__ACTIVITY__. Write the data out again exactly, with every picture removed.

---------- SUPPLIED MATERIAL ----------

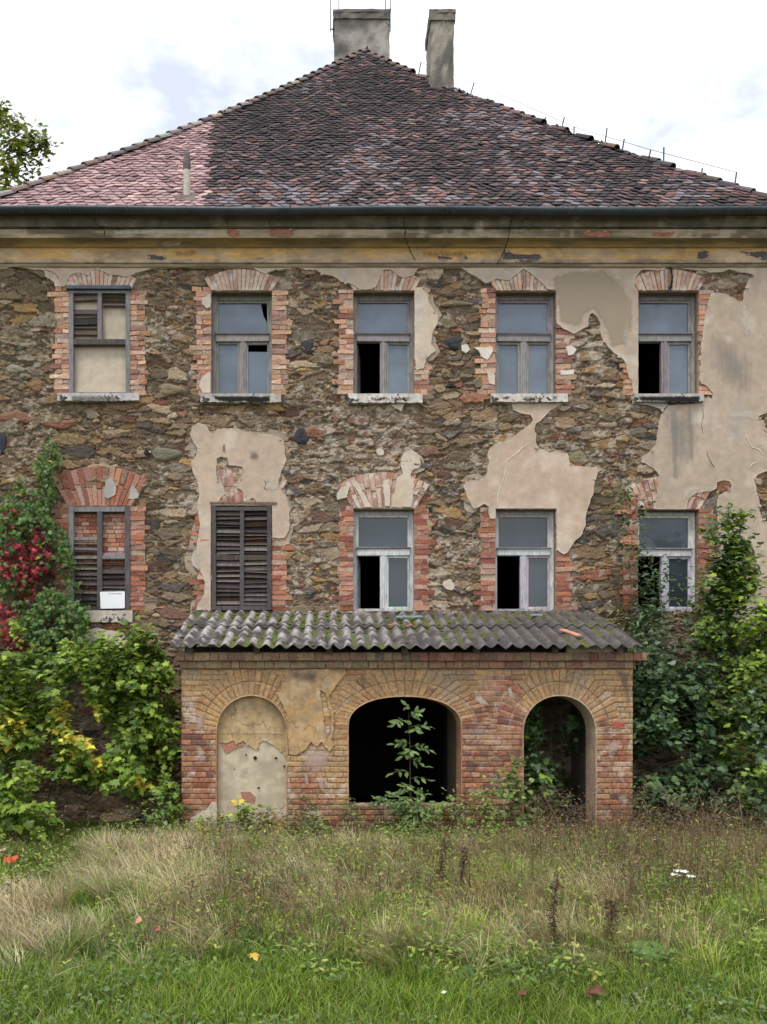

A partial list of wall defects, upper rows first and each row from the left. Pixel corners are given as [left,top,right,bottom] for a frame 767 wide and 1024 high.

spalling [0,241,767,821]
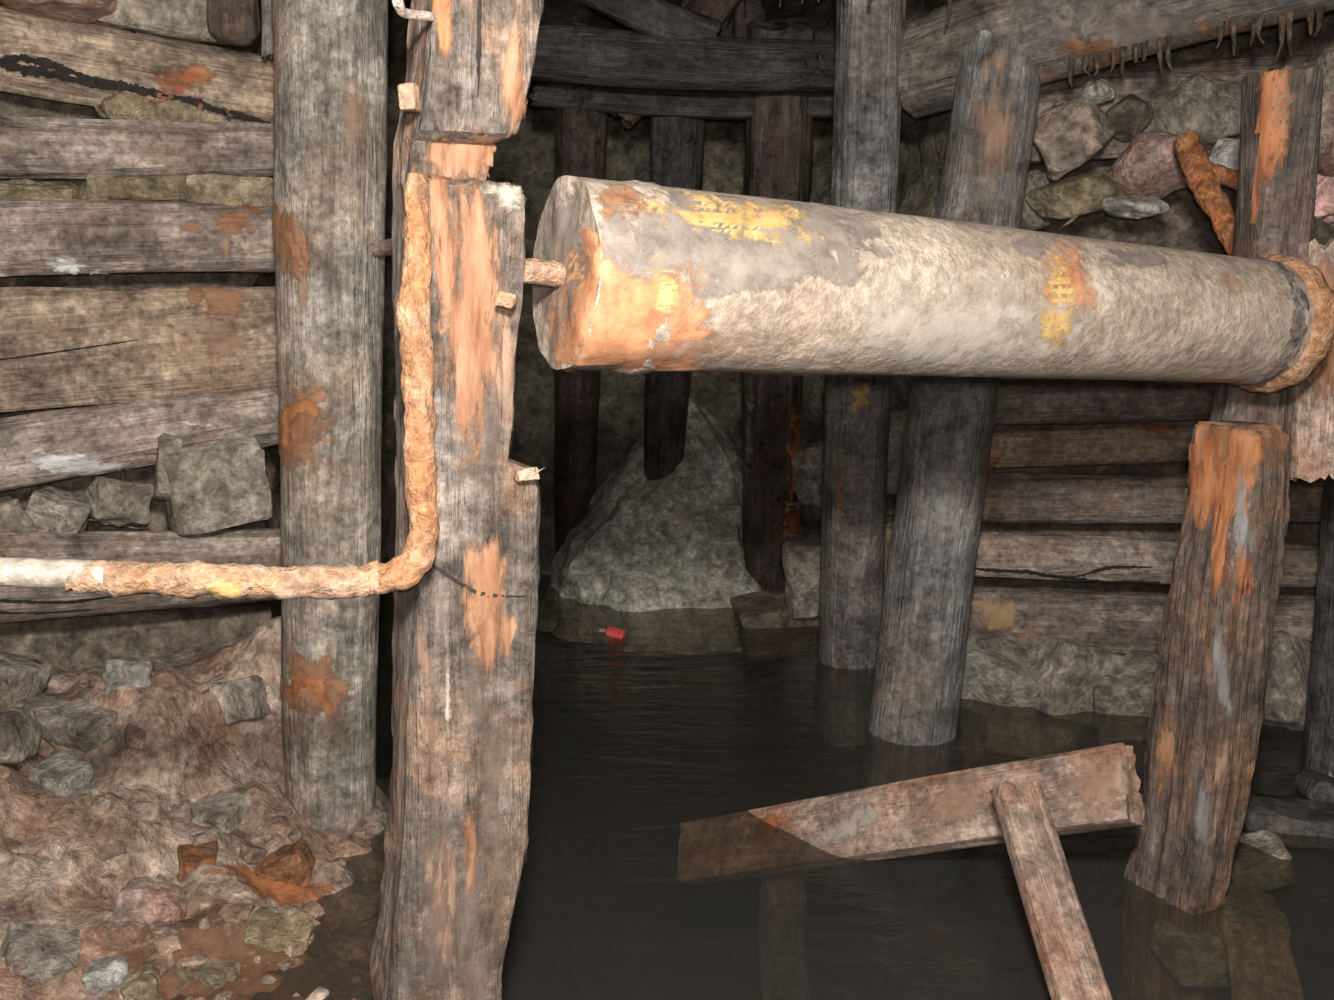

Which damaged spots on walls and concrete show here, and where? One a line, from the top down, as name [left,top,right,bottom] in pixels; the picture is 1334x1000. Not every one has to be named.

crack [0,54,271,124]
rust [180,202,311,310]
rust [186,285,249,354]
rust [278,383,335,474]
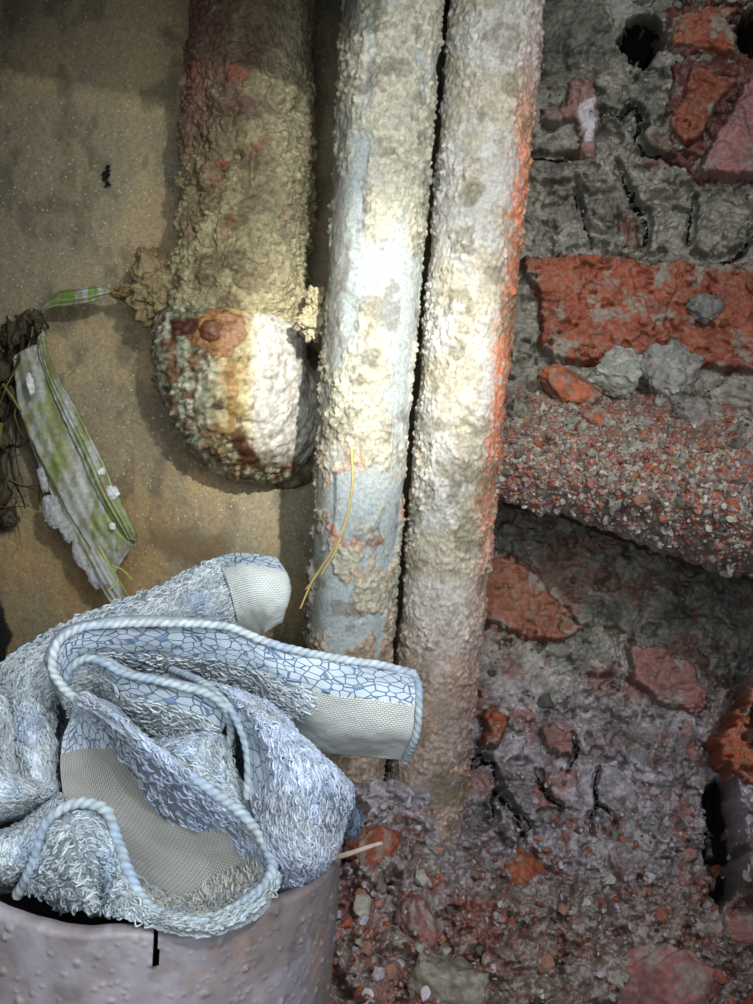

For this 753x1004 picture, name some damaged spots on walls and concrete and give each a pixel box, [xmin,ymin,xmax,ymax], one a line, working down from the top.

----------

__YOUR RESPONSE__.
A partial list of wall defects, upper rows first and each row from the left. Pixel corners are given as [left,top,right,bottom] for a frame 767 wide and 1024 high.

spalling [0,241,767,821]

Which damaged spots on walls and concrete show here, and where? One a line, from the top down, as name [left,top,right,bottom] in pixels; the picture is 1334x1000. Not every one has to be named.

crack [0,54,271,124]
rust [180,202,311,310]
rust [186,285,249,354]
rust [278,383,335,474]

For this 753x1004 picture, name some damaged spots on walls and concrete and give each a pixel box, [xmin,ymin,xmax,ymax], one a line, working down from the top.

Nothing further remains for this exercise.